By telling the model “hallucinate rather than confabulate”, we’re telling it what to answer, and it does exactly that:

In the context of AI language models like GPT-4, the term “hallucinate” is sometimes used to describe situations where the model generates text that is not factually accurate or consistent with reality. For example, if a language model generates a news article about a fictitious event, that could be considered a form of “hallucination.” However, the term “confabulate” is typically used to describe situations where a person generates false memories or information in an attempt to fill gaps in their memory. This concept doesn’t really apply to AI models.

I still agree with you tho :laughing:


Started running this down in the research papers.

At present found this

Survey of Hallucination in Natural Language Generation by Ziwei Ji, Nayeon Lee, Rita Frieske, Tiezheng Yu, Dan Su, Yan Xu, Etsuko Ishii, Yejin Bang, Wenliang Dai, Andrea Madotto, Pascale Fung (PDF)
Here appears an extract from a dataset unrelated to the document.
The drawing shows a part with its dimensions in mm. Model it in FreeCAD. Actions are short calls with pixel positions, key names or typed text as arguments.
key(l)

Researchers started referring to such undesirable generation as hallucination [125] 1.

Footnote: 1

The term “hallucination” first appeared in Computer Vision (CV) in Baker and Kanade [5] and carried more positive meanings, such as superresolution [5, 112], image inpainting [48], and image synthesizing [226]. Such hallucination is something we take advantage of rather than avoid in CV. Nevertheless, recent works have started to refer to a specific type of error as “hallucination” in image captioning [13, 159] and object detection [4, 83], which denotes non-existing objects detected or localized incorrectly at their expected position. The latter conception is similar to “hallucination” in NLG.

Feel free to run down references such as [5] and [125]. The footnote is enough for me.
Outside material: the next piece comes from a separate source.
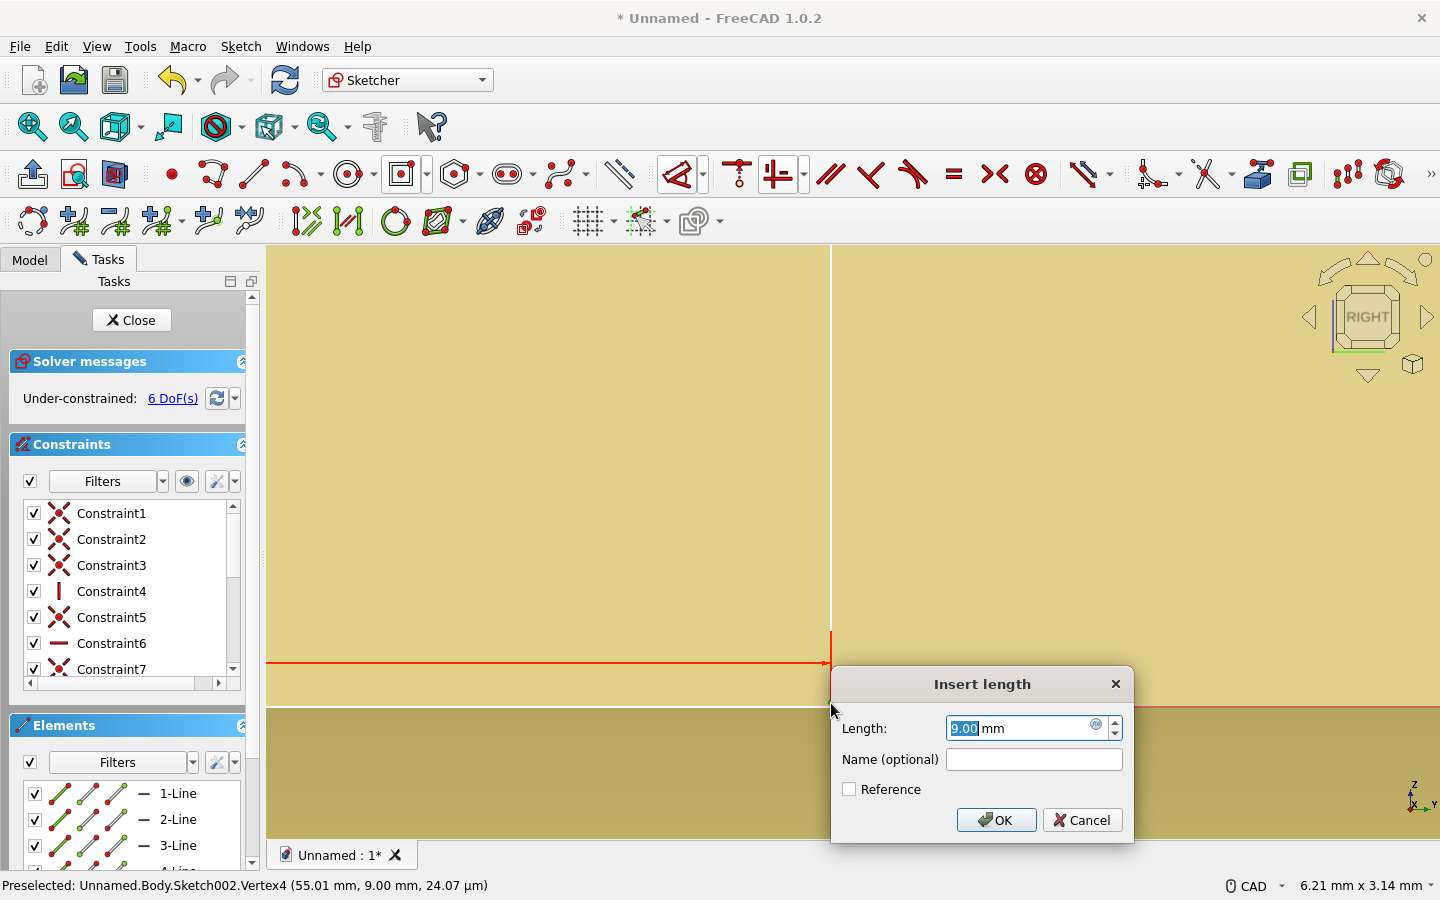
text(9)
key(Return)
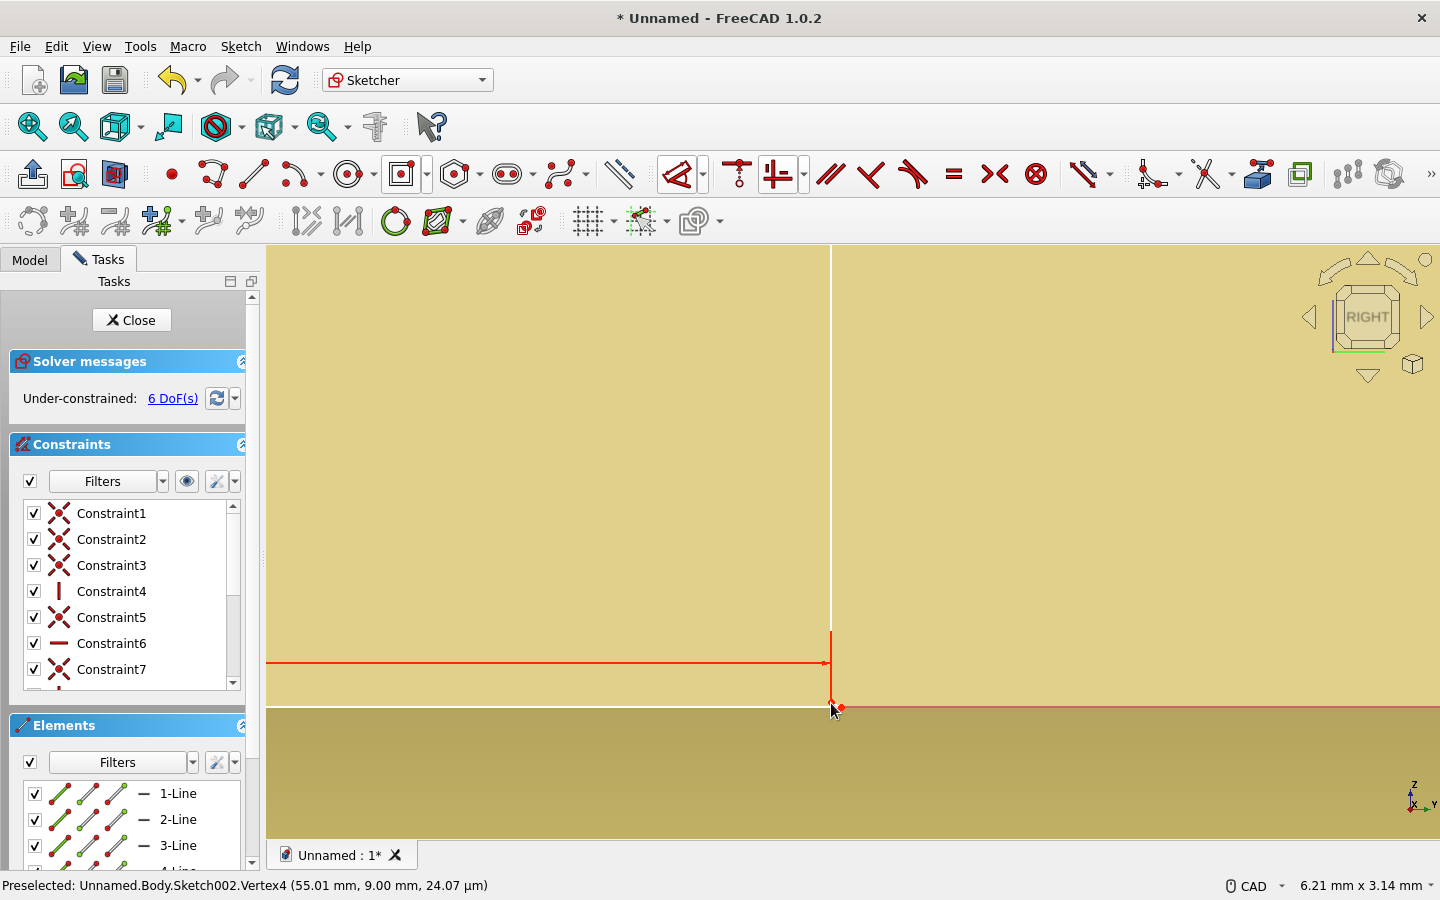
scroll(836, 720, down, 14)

However the Wikipedia article for AI Hallucination does note

In artificial intelligence (AI), a hallucination or artificial hallucination (also occasionally called confabulation [1] or delusion [2]) is a confident response by an AI that does not seem to be justified by its training data.[3]


Good job searching the litterature!

Out of curiosity, can you describe your method for finding that paper?

I especially liked this figure in the section about visual hallucinations:

1 Like

I can’t remember the exact Google query used but it was like this because the paper was near the top of the list.

natural language hallucination ai word origin pdf

In earlier research learned of the Wikipedia page for AI hallucination so have also been using AI with the word hallucination when searching.

As can be seen just four ideas combined gets one to the paper,

  1. natural language
  2. hallucination ai
  3. word origin
  4. pdf

I openly share this but no matter how much I share it seems to remain a secret.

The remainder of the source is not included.